*** Opening Exercise materials ***

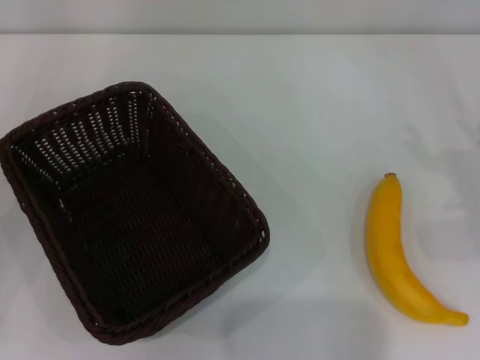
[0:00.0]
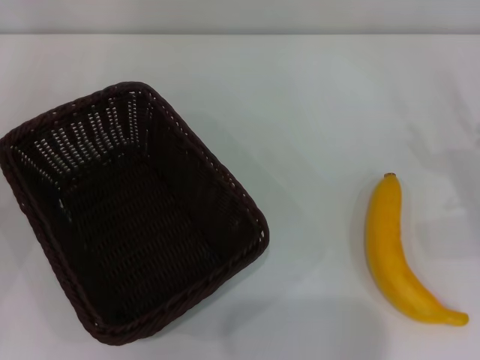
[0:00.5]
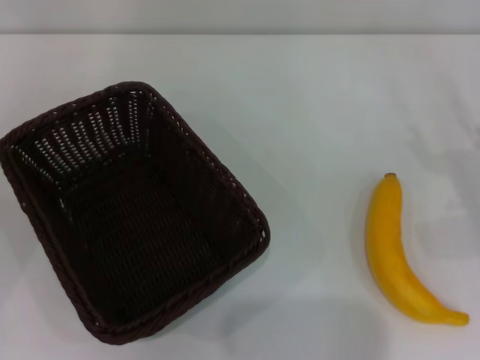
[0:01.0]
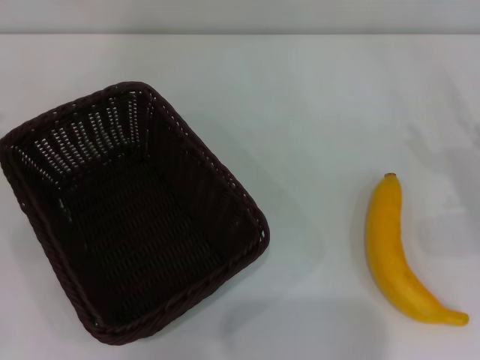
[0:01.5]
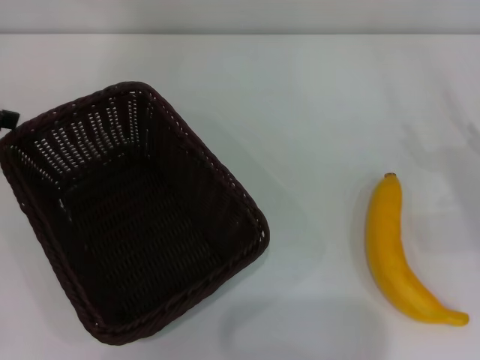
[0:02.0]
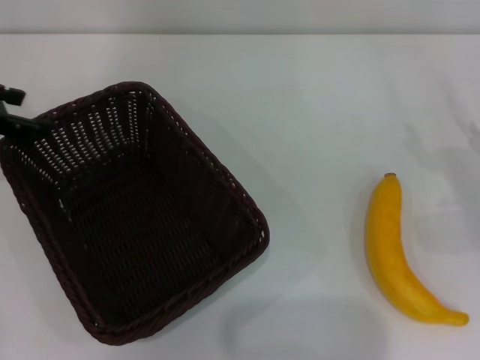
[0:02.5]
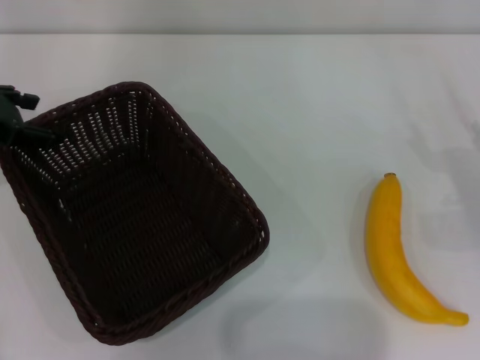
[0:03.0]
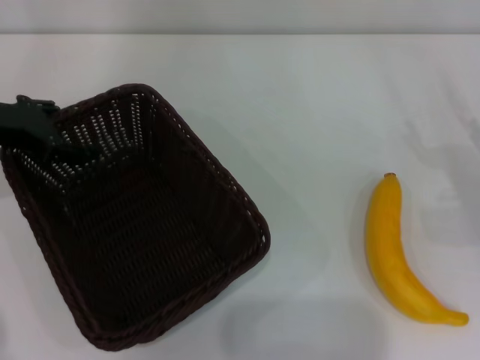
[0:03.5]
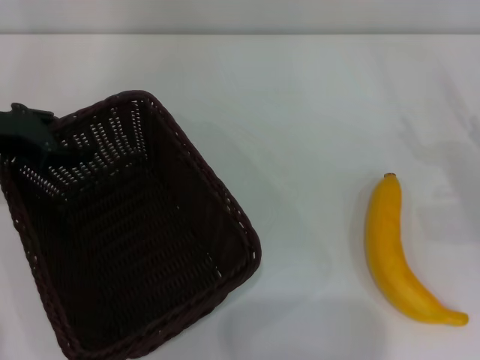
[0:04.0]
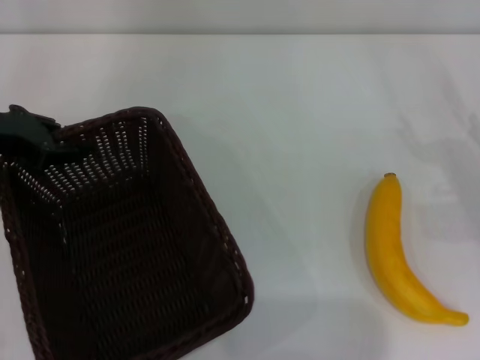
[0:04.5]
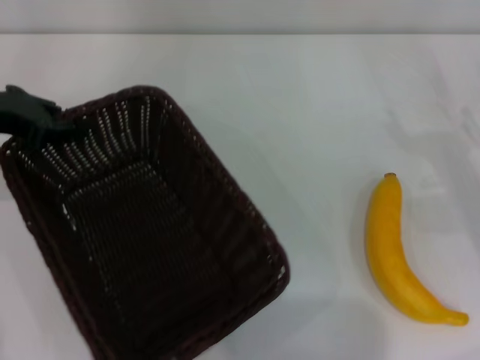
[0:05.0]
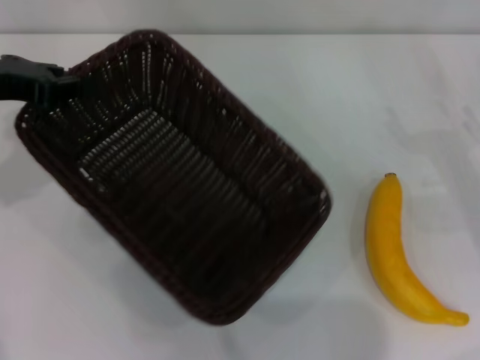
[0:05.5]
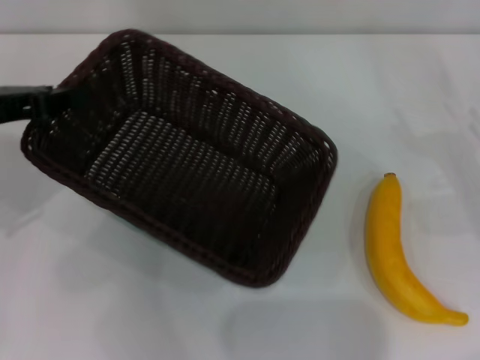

*** Closing Exercise materials ***

## What you should do
Return the records above exactly as written, but without any of the pictures.

## Answer for the task
[0:00.0]
[0:00.5]
[0:01.0]
[0:01.5]
[0:02.0]
[0:02.5]
[0:03.0]
[0:03.5]
[0:04.0]
[0:04.5]
[0:05.0]
[0:05.5]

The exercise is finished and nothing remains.